23 July 2016, Day 10
Blog post by Ben Brown, University of Missouri, USA, and Mikaёl Akimowicz, University of Toulouse, France
If there is one thing we have learned at ICRPS it is that no two days are the same and that each is a different topic. During our morning sessions we started with a panel discussion about the challenges facing rural Alaskan education. Local knowledge is crucial for remote communities, which face an extremely specific environment. Nevertheless their inclusion in the United States educational system requires curriculum to respect a certain standard; for which the conciliation of both is clearly a political challenge. Another interesting challenge for rural communities is the ability for citizens in low population density communities who wish to study advanced subjects. In recent years there has been a shift to online and digital instruction to meet the needs of these citizens. Several of our members brought up reasonable concerns with extended time in front computer screens and lack of interactive instruction.
The conversation about physical activity transitioned into our second morning topic of human migration. In today’s unstable world, we have all witnessed population movements happening for economic, security, educational, or even convenience reasons. A very important take away of this session is that we are all migrants in a certain perspective and understanding why people move is important for current and future research. During the afternoon, participants worked on their individual projects with fellow colleagues and faculty followed by individual working time.

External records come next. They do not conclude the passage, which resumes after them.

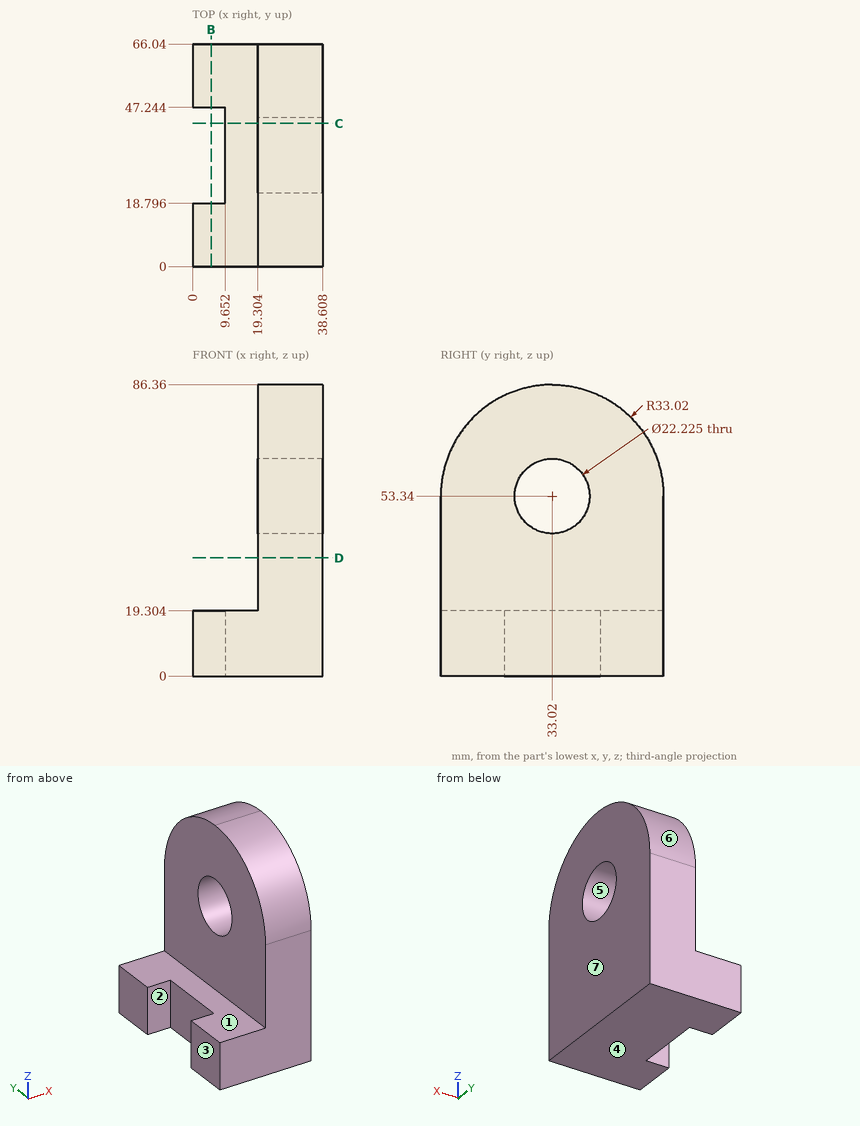
The drawing under review shows one solid part. Ordinate dimensions are in mm from its lowest x, y, z. A direction names the side the tool comes from. Round coordinates to 2 decimals unless told otherwise and drop trailing zeros. Loops run counter-clockwise (first coordinate to the right, second up) from the corner with the lowest first, then second, coordinate; pieces in that order, holes last. Notation, with made-up numbers: (-28, 2.5) -> (-23, 2.5) arc R26 ccw to (-23, 34.5) -> close; hole circle Ø10 at (-4.75, 0). An arc over 180 degrees is marked (long way). Answer in a Markdown table with one row per item.
1) Consider section D-D, the plane z = 35. Write out the cut boundary in (x, y).
Taken from the geometry:
| item | result |
|---|---|
| outline | (19.3, 0) -> (38.61, 0) -> (38.61, 66.04) -> (19.3, 66.04) -> close |
2) For pin 1 Ø8 at (y, z) = (55.5, 74.5) entering from -X; pin 2 Ø21 at (y, z) = (30, 13.5) entering from -X; pin 3 Ø3 at (x, y) = (14.5, 35) entering from +Z, all flat-tipped, find the tip position at first contact; note any pin that passes through.
Taken from the geometry:
| item | result |
|---|---|
| pin 1 | stops at x = 19.3 |
| pin 2 | stops at x = 9.65 |
| pin 3 | stops at z = 19.3 |
3) Consider section C-C, the plane y = 42.5. Write out the cut boundary in (x, z), plus the area to 3 significant figures.
Taken from the geometry:
| item | result |
|---|---|
| outline | (9.65, 0) -> (38.61, 0) -> (38.61, 47.54) -> (19.3, 47.54) -> (19.3, 19.3) -> (9.65, 19.3) -> close; (19.3, 59.14) -> (38.61, 59.14) -> (38.61, 84.97) -> (19.3, 84.97) -> close |
| area | 1,600 mm² |
4) Tool access review of the marked faces 1, 2 and 3: name each direction out of +Z, -Z, +X, -X, +Y, -Y from which nothing blocks a thin tool from reaching the whole face with its end or side.
Taken from the geometry:
| item | result |
|---|---|
| face 1 | +Z, -X, +Y, -Y |
| face 2 | +Z, -Z, -X |
| face 3 | +Z, -Z, -X, +Y, -Y |
5) Draft analysis for pull direction Z (two halves, no side actions). For the marked faces 4, 5, 6 and 7, state which applies: pulls with the +Z half, pulls with the -Z half, needs draft (parallel to the pull), parting line crosses it, or undercut.
Taken from the geometry:
| item | result |
|---|---|
| face 4 | pulls with the -Z half |
| face 5 | undercut |
| face 6 | pulls with the +Z half |
| face 7 | needs draft |
6) Wall thickness on line 1 along Y through (x, z) = (5, 7.5); line 2 along Y through (x, z) = (32, 53); line 3 along X through (y, z) = (15, 25): over which ranges is each line inside the solid? List them lowest first.
Taken from the geometry:
| item | result |
|---|---|
| line 1 | y = 0 to 18.8, 47.24 to 66.04 |
| line 2 | y = 0 to 21.91, 44.13 to 66.04 |
| line 3 | x = 19.3 to 38.61 |
7) Consider section B-B, the plane x = 5.5. Write out the cut boundary in (y, z), plus the area to 3 significant figures.
Taken from the geometry:
| item | result |
|---|---|
| outline | (0, 0) -> (18.8, 0) -> (18.8, 19.3) -> (0, 19.3) -> close; (47.24, 0) -> (66.04, 0) -> (66.04, 19.3) -> (47.24, 19.3) -> close |
| area | 726 mm² |
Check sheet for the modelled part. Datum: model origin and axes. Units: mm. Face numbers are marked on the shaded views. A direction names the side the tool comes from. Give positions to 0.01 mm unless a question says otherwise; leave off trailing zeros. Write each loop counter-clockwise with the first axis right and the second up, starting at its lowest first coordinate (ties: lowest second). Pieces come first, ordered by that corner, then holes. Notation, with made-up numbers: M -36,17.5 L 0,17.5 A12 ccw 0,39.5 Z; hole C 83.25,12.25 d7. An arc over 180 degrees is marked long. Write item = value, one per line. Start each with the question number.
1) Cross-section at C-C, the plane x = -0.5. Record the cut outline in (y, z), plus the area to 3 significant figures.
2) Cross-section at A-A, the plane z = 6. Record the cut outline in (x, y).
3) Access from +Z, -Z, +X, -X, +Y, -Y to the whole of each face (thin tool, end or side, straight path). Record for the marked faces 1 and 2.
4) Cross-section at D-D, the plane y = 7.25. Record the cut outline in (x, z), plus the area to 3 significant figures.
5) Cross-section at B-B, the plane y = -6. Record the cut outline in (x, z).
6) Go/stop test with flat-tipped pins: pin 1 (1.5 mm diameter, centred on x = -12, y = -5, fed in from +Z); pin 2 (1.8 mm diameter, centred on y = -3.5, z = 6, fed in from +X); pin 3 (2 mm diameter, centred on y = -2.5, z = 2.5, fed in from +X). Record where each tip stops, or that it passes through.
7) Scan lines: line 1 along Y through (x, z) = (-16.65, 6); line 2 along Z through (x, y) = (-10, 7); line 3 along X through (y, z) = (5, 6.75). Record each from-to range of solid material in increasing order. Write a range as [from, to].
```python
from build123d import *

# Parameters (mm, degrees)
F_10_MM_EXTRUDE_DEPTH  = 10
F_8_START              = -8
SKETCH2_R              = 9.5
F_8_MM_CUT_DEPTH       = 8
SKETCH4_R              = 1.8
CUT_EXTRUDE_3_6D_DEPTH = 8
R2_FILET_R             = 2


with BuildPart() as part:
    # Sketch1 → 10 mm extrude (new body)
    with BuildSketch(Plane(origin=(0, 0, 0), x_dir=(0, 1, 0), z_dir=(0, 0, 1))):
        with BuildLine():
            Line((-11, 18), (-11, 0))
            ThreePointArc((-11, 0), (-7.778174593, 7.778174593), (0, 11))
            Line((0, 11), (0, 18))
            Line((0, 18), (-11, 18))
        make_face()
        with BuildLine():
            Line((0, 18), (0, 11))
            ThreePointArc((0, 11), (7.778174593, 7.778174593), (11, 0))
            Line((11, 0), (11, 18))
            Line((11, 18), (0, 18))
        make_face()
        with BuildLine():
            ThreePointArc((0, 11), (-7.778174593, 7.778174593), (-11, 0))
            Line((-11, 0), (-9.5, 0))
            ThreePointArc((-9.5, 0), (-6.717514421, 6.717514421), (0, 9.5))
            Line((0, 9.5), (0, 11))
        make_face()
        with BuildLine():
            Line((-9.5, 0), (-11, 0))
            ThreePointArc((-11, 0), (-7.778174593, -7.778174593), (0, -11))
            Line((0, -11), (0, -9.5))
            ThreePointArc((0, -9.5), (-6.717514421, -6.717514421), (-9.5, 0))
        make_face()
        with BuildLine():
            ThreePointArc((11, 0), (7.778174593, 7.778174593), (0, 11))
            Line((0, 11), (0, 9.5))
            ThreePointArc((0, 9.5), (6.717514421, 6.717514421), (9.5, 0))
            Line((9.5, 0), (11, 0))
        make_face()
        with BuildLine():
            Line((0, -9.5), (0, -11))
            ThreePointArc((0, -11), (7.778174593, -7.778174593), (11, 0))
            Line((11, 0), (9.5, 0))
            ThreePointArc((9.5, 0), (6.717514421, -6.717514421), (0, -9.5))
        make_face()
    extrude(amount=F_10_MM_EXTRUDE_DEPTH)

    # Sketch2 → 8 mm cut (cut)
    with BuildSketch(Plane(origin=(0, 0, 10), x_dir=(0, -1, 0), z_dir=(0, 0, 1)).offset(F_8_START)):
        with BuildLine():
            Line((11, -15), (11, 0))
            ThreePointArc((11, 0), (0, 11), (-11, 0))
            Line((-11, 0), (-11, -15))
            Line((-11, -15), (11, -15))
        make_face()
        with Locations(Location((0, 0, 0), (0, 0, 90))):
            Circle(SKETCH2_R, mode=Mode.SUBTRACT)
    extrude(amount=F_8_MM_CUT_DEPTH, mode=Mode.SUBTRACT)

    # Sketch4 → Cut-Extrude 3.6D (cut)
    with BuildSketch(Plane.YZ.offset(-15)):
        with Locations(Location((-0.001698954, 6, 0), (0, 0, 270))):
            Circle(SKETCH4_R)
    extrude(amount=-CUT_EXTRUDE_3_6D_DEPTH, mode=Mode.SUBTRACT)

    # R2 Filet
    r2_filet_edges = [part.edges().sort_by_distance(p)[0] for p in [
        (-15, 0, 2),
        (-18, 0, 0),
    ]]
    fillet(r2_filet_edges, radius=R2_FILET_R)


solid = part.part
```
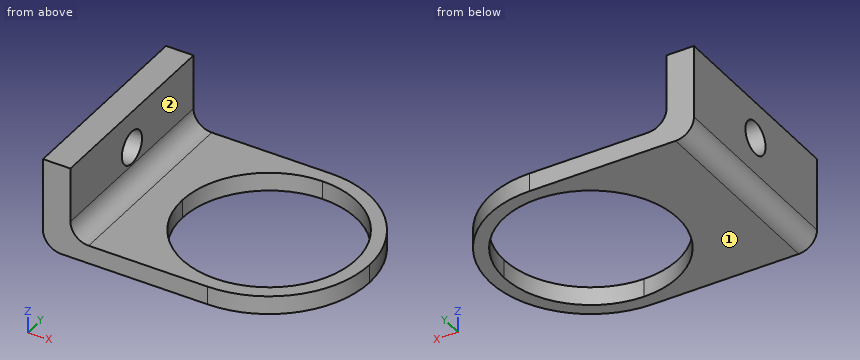
Reply:
q1.outline = M -11,0 L -9.49,0 L -9.49,2 L -11,2 Z; M 9.49,0 L 11,0 L 11,2 L 9.49,2 Z
q1.area = 6.05 mm2
q2.outline = M -18,-11 L -15,-11 L -15,-1.8 L -18,-1.8 Z; M -18,1.8 L -15,1.8 L -15,11 L -18,11 Z
q3.face_1 = -Z, +X, -X, +Y, -Y
q3.face_2 = +Z, +X, +Y, -Y
q4.outline = M -18,2 A2 ccw -16,0 L -6.14,0 L -6.14,2 L -13,2 A2 cw -15,4 L -15,10 L -18,10 Z; M 6.14,0 L 8.27,0 L 8.27,2 L 6.14,2 Z
q4.area = 52.0 mm2
q5.outline = M -18,2 A2 ccw -16,0 L -7.37,0 L -7.37,2 L -13,2 A2 cw -15,4 L -15,10 L -18,10 Z; M 7.37,0 L 9.22,0 L 9.22,2 L 7.37,2 Z
q6.pin_1 = 2
q6.pin_2 = -15
q6.pin_3 = 10.88
q7.line_1 = [-11, -1.8], [1.8, 11]
q7.line_2 = [0, 2]
q7.line_3 = [-18, -15]

The real treat of the evening was being able to attend the 2016 World Eskimo Indian Olympic games (WEIO). Finals were held in several Native events and medal presentations were presented to winners. Not only was it cool to witness an important historical part about the Alaska Native heritage, but several of our colleagues got to volunteer in different events. Two ICRPS champions, Bobby, the Georgian Peach, and Yassine, the awesome opossum, joined the ear lift contest to fight for our colors! There were also several crafts and Native goods on display and for sale.